Data Race Patterns in Golang

Uber has adopted Golang (Go for short) as a primary programming language for developing microservices. Our Golang monorepo consists of about 50 million lines of code (and growing) and contains approximately 2,100 unique Golang services (and growing).

Go makes concurrency a first-class citizen; prefixing function calls with the go keyword runs the call asynchronously. These asynchronous function calls in Go are called goroutines. Developers hide latency (e.g., IO or RPC calls to other services) by creating goroutines. Two or more goroutines can communicate data either via message passing (channels) or shared memory. Shared memory happens to be the most commonly used means of data communication in Golang.

Goroutines are considered “lightweight” and since they are easy to create, Go programmers use goroutines liberally. As a result, we notice that programs written in Go, typically, expose significantly more concurrency than programs written in other languages. For example, by scanning hundreds of thousands of microservice instances running our data centers, we found that Go microservices expose ~8x more concurrency than Java microservices. Unfortunately, higher concurrency also means potential for more concurrency bugs. A data race is a concurrency bug that occurs when two or more goroutines access the same datum, at least one of them is a write, and there is no ordering between them. Data races are insidious bugs and must be avoided at all costs.

Using a dynamic data race detection technique, we developed a system to detect data races at Uber.

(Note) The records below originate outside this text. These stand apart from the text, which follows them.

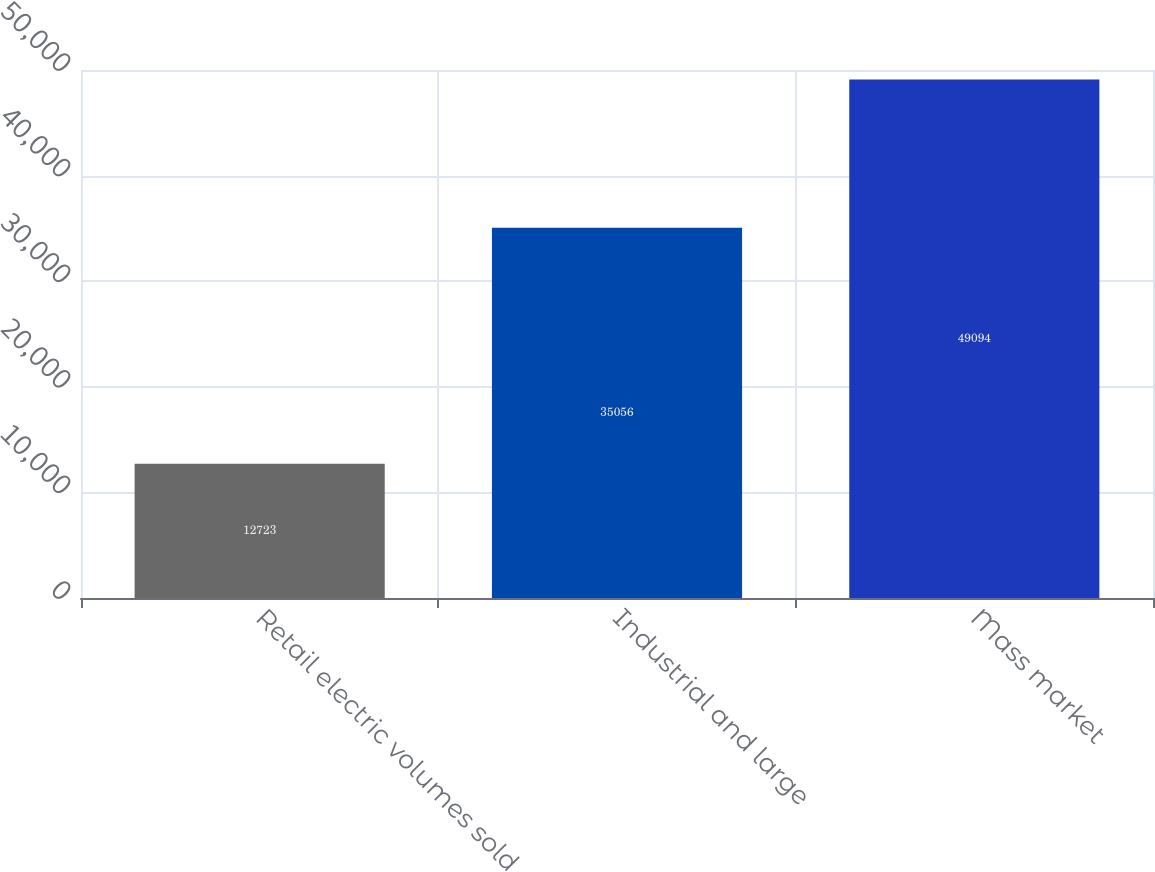Convert chart to OTSL. <chart><loc_0><loc_0><loc_500><loc_500><bar_chart><fcel>Retail electric volumes sold<fcel>Industrial and large<fcel>Mass market<nl><fcel>12723<fcel>35056<fcel>49094<nl></chart> 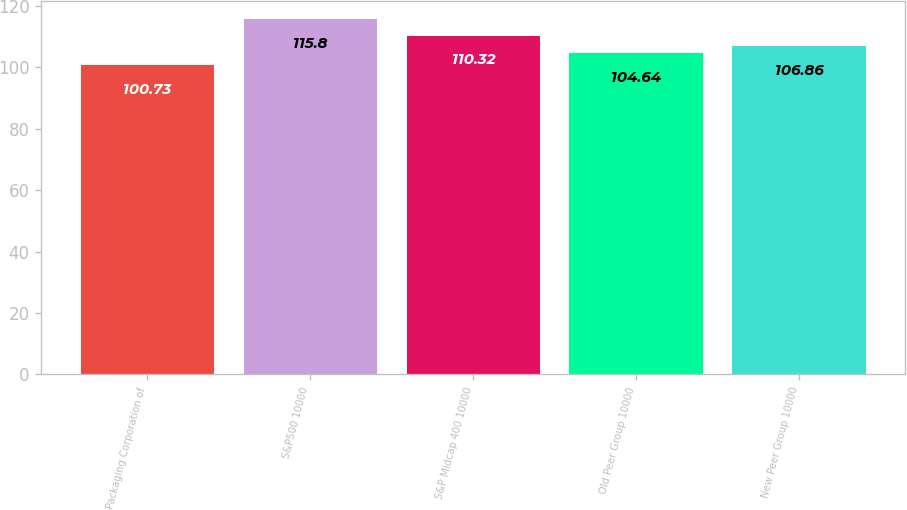Convert chart to OTSL. <chart><loc_0><loc_0><loc_500><loc_500><bar_chart><fcel>Packaging Corporation of<fcel>S&P500 10000<fcel>S&P Midcap 400 10000<fcel>Old Peer Group 10000<fcel>New Peer Group 10000<nl><fcel>100.73<fcel>115.8<fcel>110.32<fcel>104.64<fcel>106.86<nl></chart> 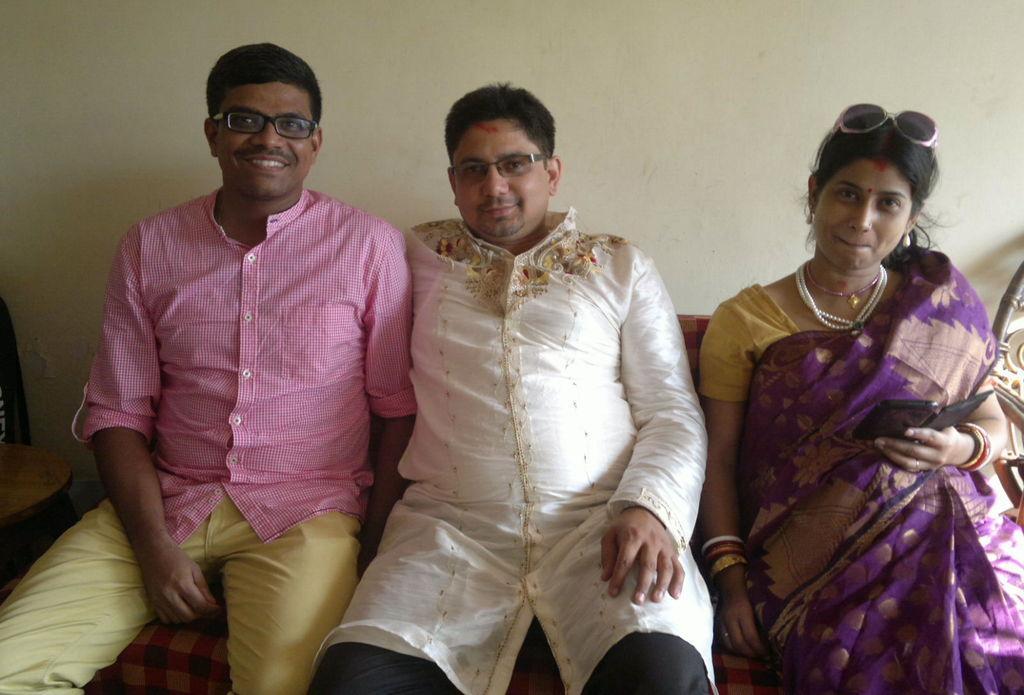In one or two sentences, can you explain what this image depicts? There are people sitting in the foreground area of the image and a chair on the left side, there is a wall in the background.

This system, over a period of six months, detected about 2,000 data races in our Go code base, of which our developers already fixed ~1,100 data races.

This blog will show various data race patterns we found in our Go programs. This study analyzed over 1,100 data races fixed by 210 unique developers over six months. We noticed that Golang makes it easier to introduce data races, due to certain language design choices. There is a complicated interplay between the language features and data races.